:: REQUIREMENT ::
Report every line of the data where the string "below" appears.

START DATA TO PROCESS

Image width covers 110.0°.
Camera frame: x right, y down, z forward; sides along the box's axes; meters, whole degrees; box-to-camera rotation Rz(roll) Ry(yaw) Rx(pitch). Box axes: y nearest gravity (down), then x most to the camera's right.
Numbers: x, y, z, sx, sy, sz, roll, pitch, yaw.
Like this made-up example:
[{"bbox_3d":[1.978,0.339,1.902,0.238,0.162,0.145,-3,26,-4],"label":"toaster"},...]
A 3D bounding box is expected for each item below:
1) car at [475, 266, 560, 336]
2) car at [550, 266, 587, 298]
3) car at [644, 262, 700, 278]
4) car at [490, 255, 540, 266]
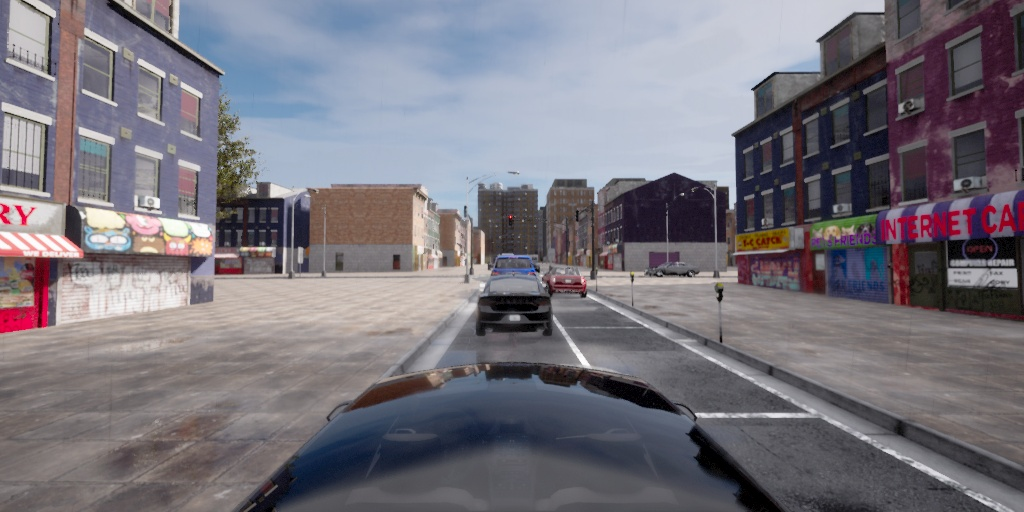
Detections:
[{"bbox_3d":[0.033,1.232,10.475,1.882,1.535,5.008,0,0,-1],"label":"car"},{"bbox_3d":[2.610,1.205,18.724,1.967,1.591,4.097,0,0,0],"label":"car"},{"bbox_3d":[14.940,1.305,33.571,4.902,1.511,2.128,0,-2,0],"label":"car"},{"bbox_3d":[0.063,0.987,18.035,2.150,2.045,5.566,0,0,0],"label":"car"}]
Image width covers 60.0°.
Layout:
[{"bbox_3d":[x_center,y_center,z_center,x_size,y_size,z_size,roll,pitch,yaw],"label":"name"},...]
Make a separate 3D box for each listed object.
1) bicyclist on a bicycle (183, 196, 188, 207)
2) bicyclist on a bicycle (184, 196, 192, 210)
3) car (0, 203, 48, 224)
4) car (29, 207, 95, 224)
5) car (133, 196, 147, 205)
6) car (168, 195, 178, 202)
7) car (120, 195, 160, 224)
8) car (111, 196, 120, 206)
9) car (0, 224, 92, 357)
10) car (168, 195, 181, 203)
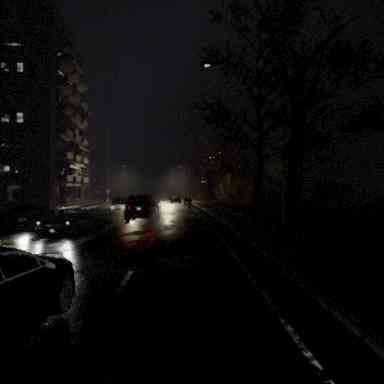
[{"bbox_3d":[-0.997,1.417,50.086,0.582,1.620,1.656,0,0,-4],"label":"bicyclist on a bicycle"},{"bbox_3d":[-0.287,1.344,39.334,0.659,1.776,1.843,0,0,-3],"label":"bicyclist on a bicycle"},{"bbox_3d":[-10.216,1.474,20.804,1.882,1.535,5.008,0,0,-2],"label":"car"},{"bbox_3d":[-6.890,1.596,18.484,1.895,1.301,4.718,0,0,-2],"label":"car"},{"bbox_3d":[-9.132,1.513,58.727,2.033,1.411,5.357,0,0,-4],"label":"car"},{"bbox_3d":[-4.495,1.397,78.022,1.882,1.535,5.008,0,0,-7],"label":"car"},{"bbox_3d":[-3.651,1.210,24.918,2.150,2.045,5.566,0,0,-2],"label":"car"},{"bbox_3d":[-12.115,1.450,55.255,1.882,1.535,5.008,0,0,-4],"label":"car"},{"bbox_3d":[-3.193,1.491,4.635,2.128,1.511,4.902,0,0,0],"label":"car"},{"bbox_3d":[-3.201,1.444,65.654,2.128,1.511,4.902,0,0,-6],"label":"car"}]
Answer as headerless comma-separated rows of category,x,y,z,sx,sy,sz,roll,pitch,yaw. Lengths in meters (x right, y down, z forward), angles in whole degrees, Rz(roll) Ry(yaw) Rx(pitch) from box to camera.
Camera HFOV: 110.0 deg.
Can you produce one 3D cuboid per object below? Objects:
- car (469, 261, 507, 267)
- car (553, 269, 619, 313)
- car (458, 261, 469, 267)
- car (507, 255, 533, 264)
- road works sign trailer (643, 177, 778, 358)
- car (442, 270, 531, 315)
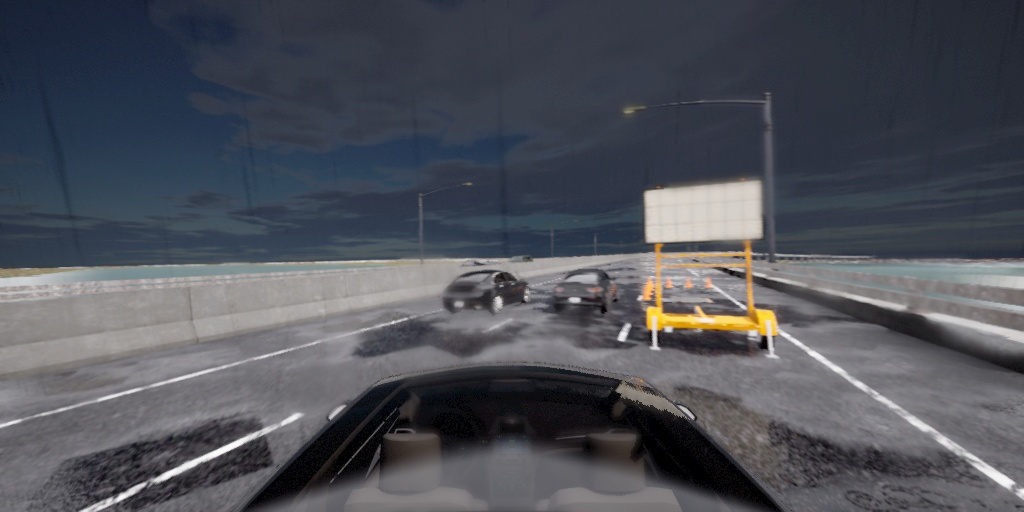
car,-2.946,1.357,45.112,2.128,1.511,4.902,-2,0,23
car,2.868,1.203,13.466,1.812,1.442,4.674,-2,0,23
car,-5.451,1.417,48.140,1.882,1.535,5.008,-2,0,23
car,0.937,0.976,45.315,2.150,2.045,5.566,-2,0,23
road works sign trailer,4.402,0.095,8.280,2.380,3.560,2.880,0,0,23
car,-0.788,1.286,13.790,1.837,1.490,4.892,-2,0,23
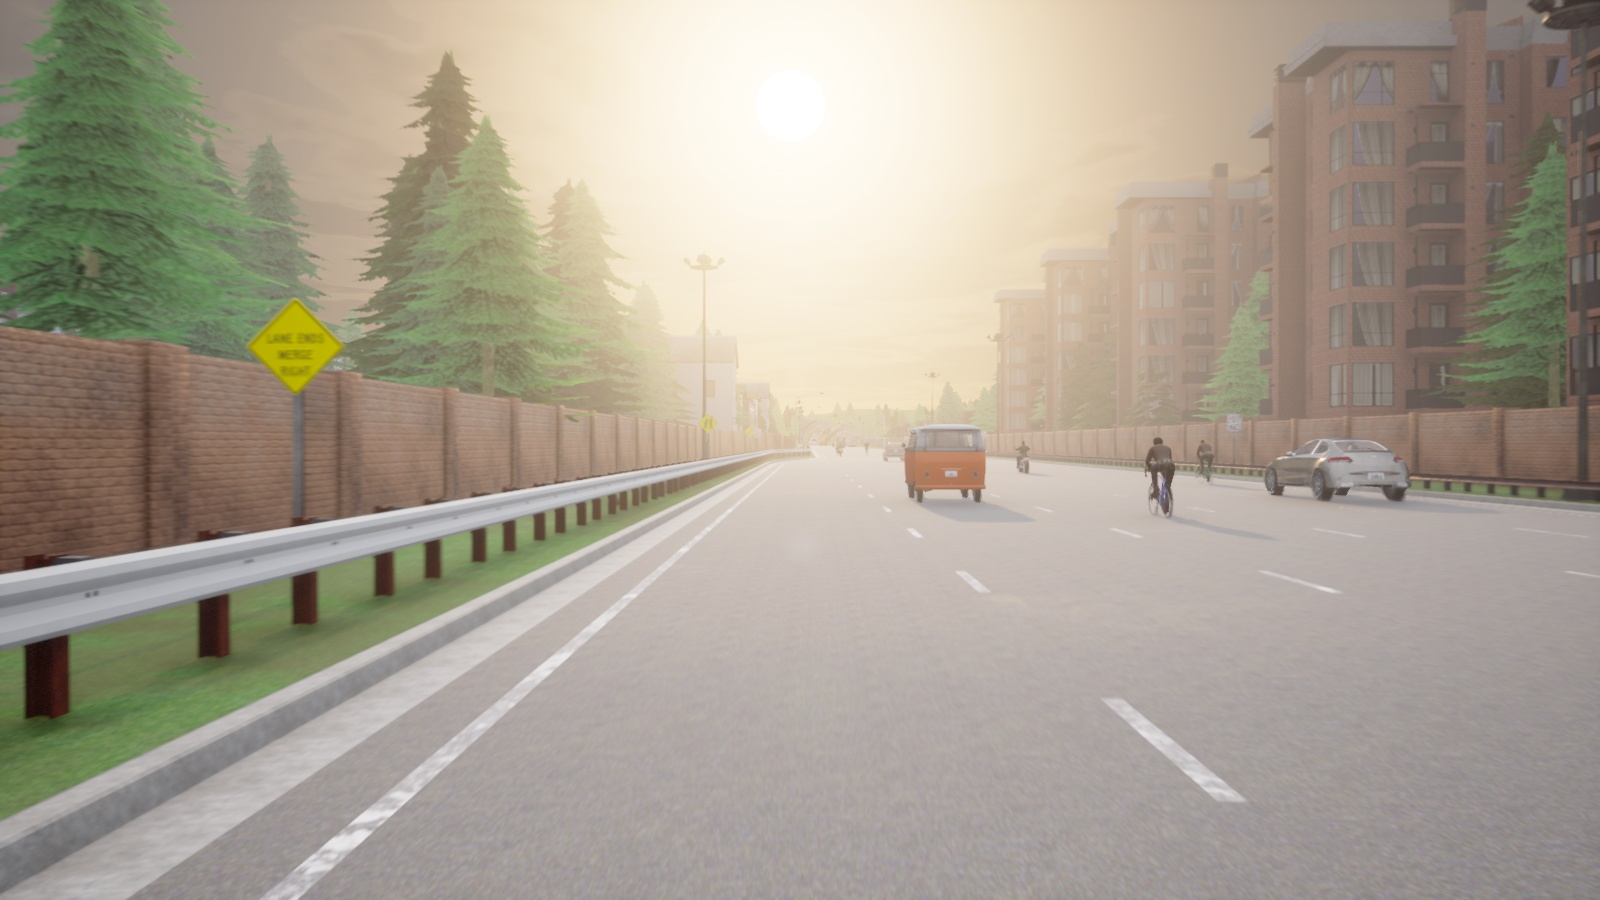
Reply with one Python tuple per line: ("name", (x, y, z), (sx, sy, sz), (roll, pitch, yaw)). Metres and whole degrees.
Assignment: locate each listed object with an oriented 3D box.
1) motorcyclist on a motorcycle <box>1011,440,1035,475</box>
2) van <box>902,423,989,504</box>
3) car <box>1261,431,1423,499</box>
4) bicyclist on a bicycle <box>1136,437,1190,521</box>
("motorcyclist on a motorcycle", (10.915, 0.361, 61.433), (0.766, 1.649, 2.350), (0, 0, 0))
("van", (3.728, 0.318, 32.789), (1.775, 1.987, 4.442), (0, 0, 0))
("car", (14.232, 0.349, 33.337), (2.152, 1.651, 5.027), (0, 0, 0))
("bicyclist on a bicycle", (7.203, 0.565, 24.983), (0.582, 1.620, 1.656), (0, 0, 0))
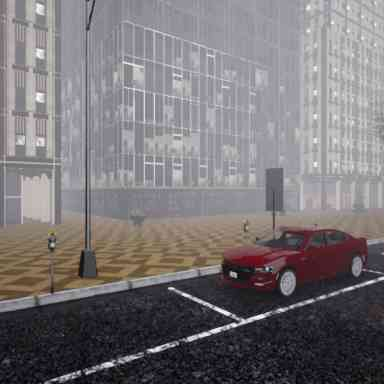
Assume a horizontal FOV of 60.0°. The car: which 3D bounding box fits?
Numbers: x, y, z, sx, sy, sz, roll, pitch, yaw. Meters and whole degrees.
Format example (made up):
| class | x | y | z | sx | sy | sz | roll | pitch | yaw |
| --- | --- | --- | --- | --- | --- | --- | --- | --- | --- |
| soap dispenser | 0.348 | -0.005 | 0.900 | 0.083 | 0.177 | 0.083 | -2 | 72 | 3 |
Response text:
| class | x | y | z | sx | sy | sz | roll | pitch | yaw |
| --- | --- | --- | --- | --- | --- | --- | --- | --- | --- |
| car | 2.724 | 1.545 | 8.515 | 4.507 | 1.381 | 1.887 | 0 | 0 | -36 |
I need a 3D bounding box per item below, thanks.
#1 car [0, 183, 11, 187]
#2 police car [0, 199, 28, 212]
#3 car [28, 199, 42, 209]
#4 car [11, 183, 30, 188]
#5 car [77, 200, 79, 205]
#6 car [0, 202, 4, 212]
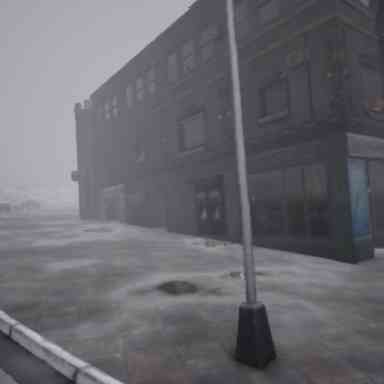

END DATA TO PROCESS

:: FINISHED EXERCISE ::
A 3D bounding box is expected for each item below:
Can you produce one 3D cuboid per object below? Objects:
I need a 3D bounding box per item below, thanks.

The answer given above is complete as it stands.